Die Grünen-Vorsitzende unterstrich, dass der Klimaschutz in der Krise nicht unter die Räder kommen dürfe. "Im Verkehrsbereich sind wir am weitesten entfernt von unseren Klimazielen." Auch hier müsse sich die FDP bewegen. Lang forderte ein "Ja zu einem befristeten Tempolimit", bis das Land unabhängig sei von russischen Energien. Zudem müsse die FDP mehr Investitionen für die Schiene möglich machen. Die Länder bräuchten mehr Regionalisierungsmittel für den Ausbau der Schiene. Es sei gut, wenn es einen Nachfolger für das 9-Euro-Ticket gebe, aber wichtiger sei, dass die Bahnen auch führen, vor allem im ländlichen Raum.
Özdemir sichert Ukraine weitere Unterstützung zu
Neben Ministerpräsident Kretschmann trat auch der Bundesminister für Ernährung und Landwirtschaft, Cem Özdemir, als Redner auf. Die Grünen würden die Ukraine weiter unterstützen, versicherte er beim Parteitag. Man werde immer an der Seite der Opfer stehen, es gebe keine Täter-Opfer-Umkehr. Die Grünen seien eine klar antifaschistische Partei, so Özdemir.
Mit Blick auf die Sorgen der Bäuerinnen und Bauern kündigte der gebürtige Bad Uracher (Kreis Reutlingen) Staatshilfen an. Wer seine Ställe umbauen wolle, damit es den Tieren besser gehe, solle mehr Geld bekommen. Jeder Cent dafür sei gut angelegt, so Özdemir.

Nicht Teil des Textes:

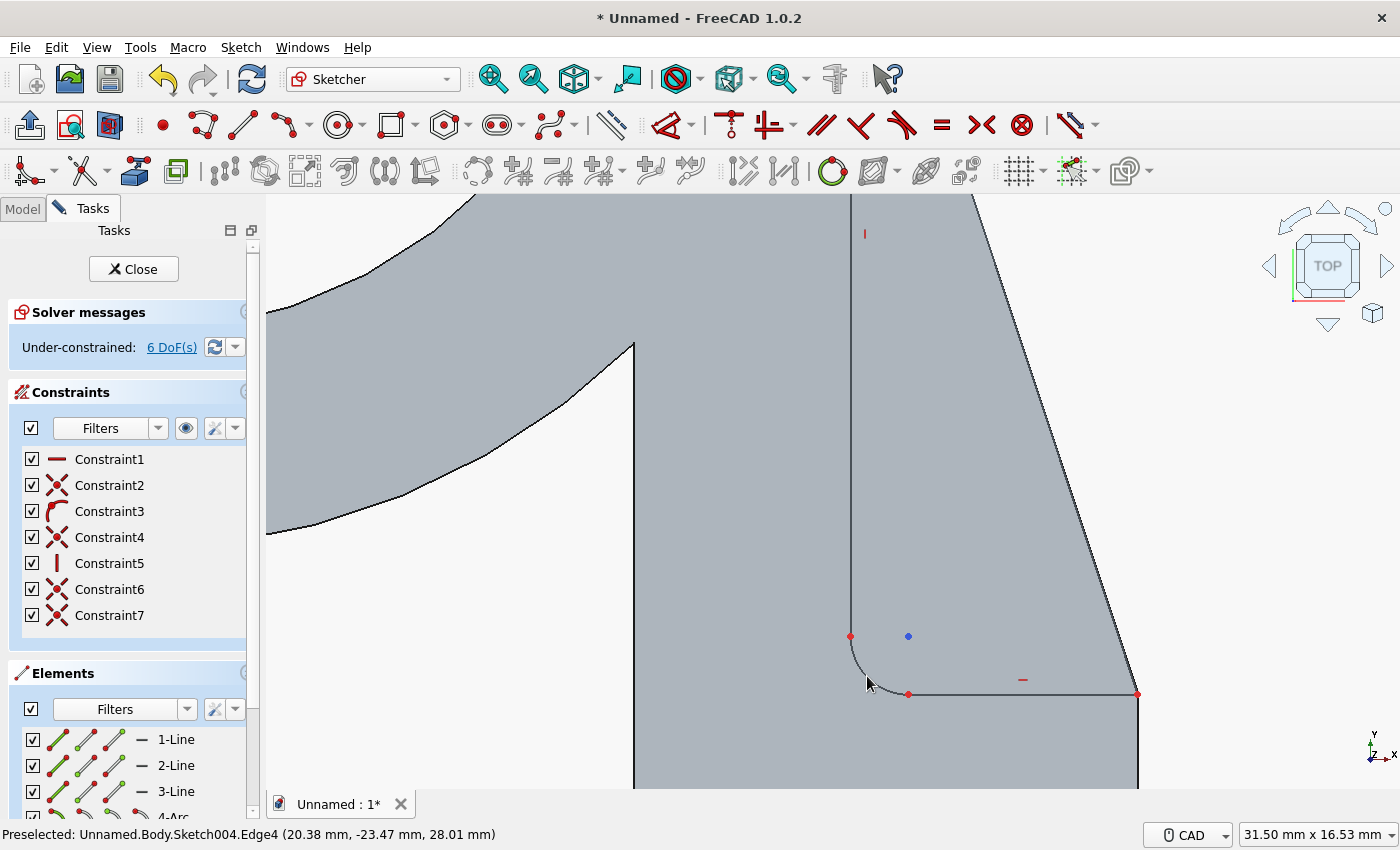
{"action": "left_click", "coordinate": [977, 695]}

Parteitag beschließt Leitantrag zu Stärkung ländlicher Räume
Auf dem Parteitag wollen die Grünen zeigen, dass sie fähig sind, die ländlichen Räume auf allen Ebenen zu stärken. Gleichzeitig wollen sie dem Eindruck entgegenwirken, sie seien eine Großstadtpartei. Ein entsprechender Leitantrag des Landesvorstands wurde auf dem Parteitag bei einer Gegenstimme und wenigen Enthaltungen angenommen. In dem Antrag heißt es unter anderem, die ländlichen Räume spielten bei der Bewältigung der Klimakrise eine große Rolle: "Die künftige Stromerzeugung und Energiebereitstellung aus Biomasse, Wind, Sonne, Wasser oder Erdwärme wird die ländlichen Räume durch Arbeitsplätze und zusätzliche Wertschöpfung weiter stärken."

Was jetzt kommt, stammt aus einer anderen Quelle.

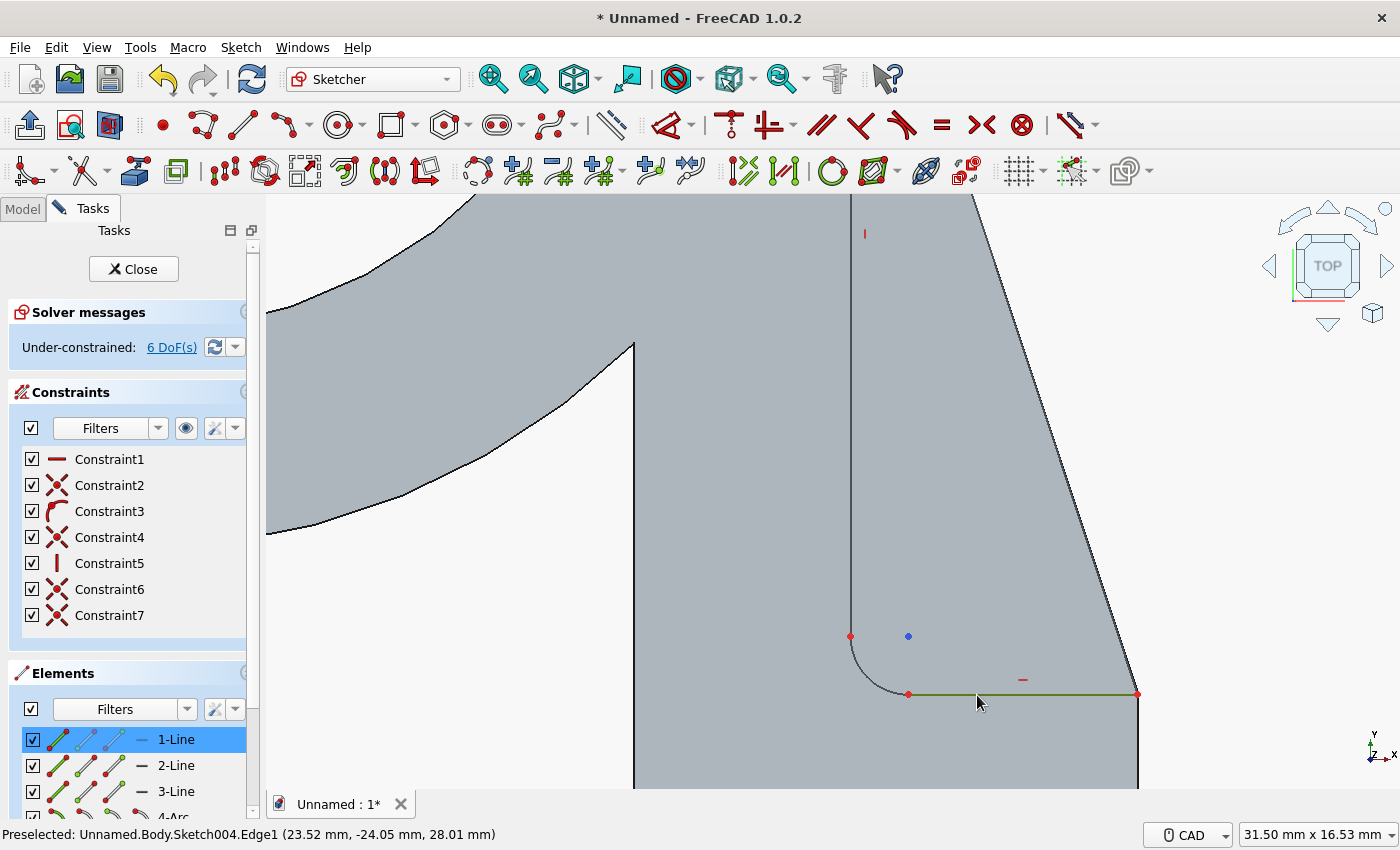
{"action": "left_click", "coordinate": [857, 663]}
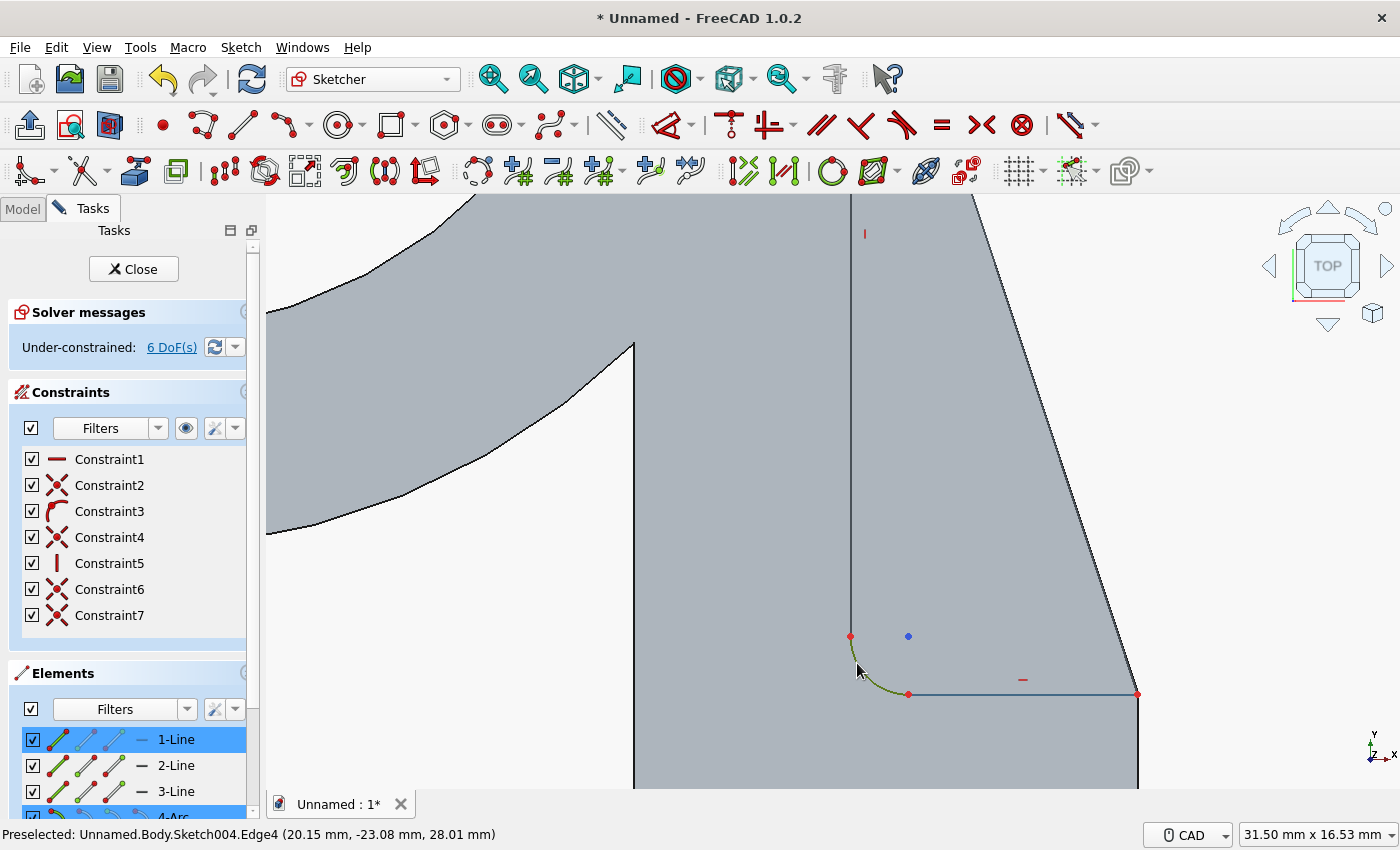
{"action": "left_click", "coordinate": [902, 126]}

Es gab in der Aussprache aber auch Kritik an dem Leitantrag, weil er zu vage bleibe. Annette Reif aus dem Kreisverband Tuttlingen sagte, den Schwerpunkt im Leitantrag auf die Landwirtschaft zu legen, werde dem ländlichen Raum nicht gerecht. Es gebe dort zahlreiche "hidden champions", also mittelständische Unternehmen, die in ihrem Marktsegment Marktführer in Europa oder in der Welt seien. An diesen Orten werde noch oft CDU oder FDP gewählt. "Um diese Stimmen zu bekommen, hilft der Leitantrag nicht wirklich", sagte Reif, die selbst Managerin bei einem Autozulieferer in Rietheim-Weilheim (Kreis Tuttlingen) ist. Die Landeschefs Lena Schwelling und Pascal Haggenmüller haben sich zu ihrem Amtsantritt Ende vergangenen Jahres vorgenommen, die Grünen auf dem Land stärker zu verankern und so auch die Basis der Partei zu verbreitern.
BW-Grüne fordern Reformen
Die baden-württembergischen Grünen fordern eine Reform der Schuldenbremse im Bund, um genügend Geld für den Klimaschutz lockermachen zu können. Die Südwest-Grünen drängen die grün-schwarze Koalition, den Ausbau von erneuerbaren Energien noch rascher voranzutreiben. Der Landesparteitag der Grünen nahm am Sonntag in Donaueschingen einen Antrag des Landesvorstands mit großer Mehrheit an, in dem angesichts des Klimawandels und des Ukraine-Kriegs ein schnellerer Ausbau der Öko-Energien gefordert wird.